Problem description: Transcribe exactly everything in the data below from the line containing "2) sneaker [71,292,265,379]" down to the line containing "Answer as lines", both lines included and nothing further.

+++

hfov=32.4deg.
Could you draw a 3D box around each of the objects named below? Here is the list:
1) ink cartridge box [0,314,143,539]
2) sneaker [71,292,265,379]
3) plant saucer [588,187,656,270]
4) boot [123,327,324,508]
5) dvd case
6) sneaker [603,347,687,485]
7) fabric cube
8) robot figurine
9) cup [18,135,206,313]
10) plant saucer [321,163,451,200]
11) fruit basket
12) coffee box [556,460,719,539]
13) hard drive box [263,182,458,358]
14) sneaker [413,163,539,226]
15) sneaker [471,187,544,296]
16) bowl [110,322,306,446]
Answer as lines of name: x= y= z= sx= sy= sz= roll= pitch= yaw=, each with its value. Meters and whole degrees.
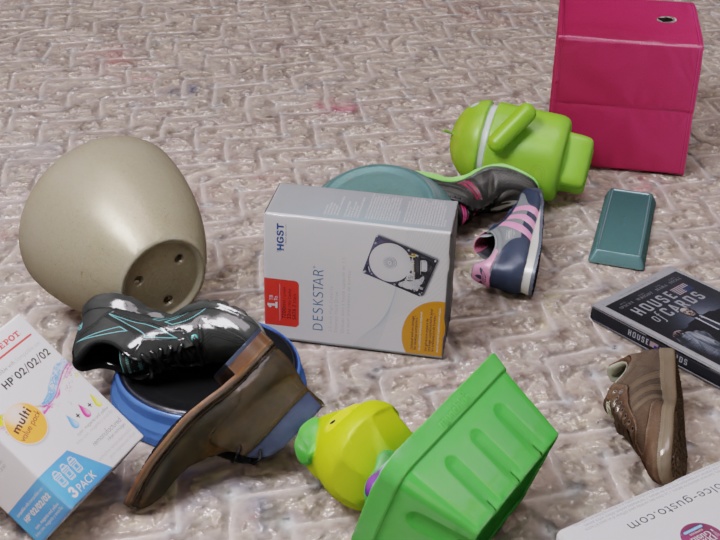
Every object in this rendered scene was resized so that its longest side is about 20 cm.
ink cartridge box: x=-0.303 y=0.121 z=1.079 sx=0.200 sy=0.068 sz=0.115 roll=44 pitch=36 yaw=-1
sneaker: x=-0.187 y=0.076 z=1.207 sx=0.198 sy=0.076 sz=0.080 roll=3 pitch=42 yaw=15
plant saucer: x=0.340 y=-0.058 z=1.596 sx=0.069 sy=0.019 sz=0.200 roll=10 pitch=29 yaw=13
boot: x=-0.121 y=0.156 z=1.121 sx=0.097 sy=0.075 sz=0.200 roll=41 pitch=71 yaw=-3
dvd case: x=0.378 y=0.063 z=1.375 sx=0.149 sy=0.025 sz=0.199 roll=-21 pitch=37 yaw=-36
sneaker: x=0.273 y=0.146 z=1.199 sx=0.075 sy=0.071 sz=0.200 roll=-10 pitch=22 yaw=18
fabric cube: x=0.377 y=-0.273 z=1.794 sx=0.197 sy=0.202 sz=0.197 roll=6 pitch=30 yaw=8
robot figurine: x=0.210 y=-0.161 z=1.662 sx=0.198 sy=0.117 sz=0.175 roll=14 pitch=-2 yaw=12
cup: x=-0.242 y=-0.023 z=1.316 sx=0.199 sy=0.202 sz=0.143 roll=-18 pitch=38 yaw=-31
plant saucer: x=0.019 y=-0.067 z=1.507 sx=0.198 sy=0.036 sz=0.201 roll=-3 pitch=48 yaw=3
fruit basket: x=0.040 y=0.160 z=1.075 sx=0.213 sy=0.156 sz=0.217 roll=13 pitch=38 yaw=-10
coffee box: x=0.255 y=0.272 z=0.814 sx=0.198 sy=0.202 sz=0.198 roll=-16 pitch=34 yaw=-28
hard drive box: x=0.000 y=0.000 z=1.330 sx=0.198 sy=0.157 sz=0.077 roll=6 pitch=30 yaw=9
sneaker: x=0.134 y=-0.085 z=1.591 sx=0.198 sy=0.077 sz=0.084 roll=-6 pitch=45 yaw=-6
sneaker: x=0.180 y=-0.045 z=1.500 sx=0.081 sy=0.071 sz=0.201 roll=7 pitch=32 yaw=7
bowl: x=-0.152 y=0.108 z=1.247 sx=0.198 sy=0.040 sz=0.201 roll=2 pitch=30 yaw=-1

+++

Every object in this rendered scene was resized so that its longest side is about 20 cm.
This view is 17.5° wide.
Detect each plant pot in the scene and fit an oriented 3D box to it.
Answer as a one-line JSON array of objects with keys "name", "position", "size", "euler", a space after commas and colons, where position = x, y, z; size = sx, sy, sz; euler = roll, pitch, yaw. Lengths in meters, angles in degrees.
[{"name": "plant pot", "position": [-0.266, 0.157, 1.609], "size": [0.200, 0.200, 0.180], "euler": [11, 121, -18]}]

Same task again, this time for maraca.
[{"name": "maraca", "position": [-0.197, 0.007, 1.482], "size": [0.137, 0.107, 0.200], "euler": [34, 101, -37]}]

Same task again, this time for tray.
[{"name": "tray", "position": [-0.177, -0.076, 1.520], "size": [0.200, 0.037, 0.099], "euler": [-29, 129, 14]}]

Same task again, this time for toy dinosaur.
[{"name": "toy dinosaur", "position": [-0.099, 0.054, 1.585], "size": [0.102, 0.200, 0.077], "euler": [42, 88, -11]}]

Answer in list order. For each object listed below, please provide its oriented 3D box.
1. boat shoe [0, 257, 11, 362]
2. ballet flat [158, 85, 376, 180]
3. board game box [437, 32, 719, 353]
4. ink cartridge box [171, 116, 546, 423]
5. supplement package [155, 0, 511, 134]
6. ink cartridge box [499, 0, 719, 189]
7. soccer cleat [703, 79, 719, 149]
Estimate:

+++

Response:
2) sneaker [71,292,265,379]
3) plant saucer [588,187,656,270]
4) boot [123,327,324,508]
5) dvd case
6) sneaker [603,347,687,485]
7) fabric cube
8) robot figurine
9) cup [18,135,206,313]
10) plant saucer [321,163,451,200]
11) fruit basket
12) coffee box [556,460,719,539]
13) hard drive box [263,182,458,358]
14) sneaker [413,163,539,226]
15) sneaker [471,187,544,296]
16) bowl [110,322,306,446]
Answer as lines of name: x= y= z= sx= sy= sz= roll= pitch= yaw=, each with its value. Meters and whole degrees.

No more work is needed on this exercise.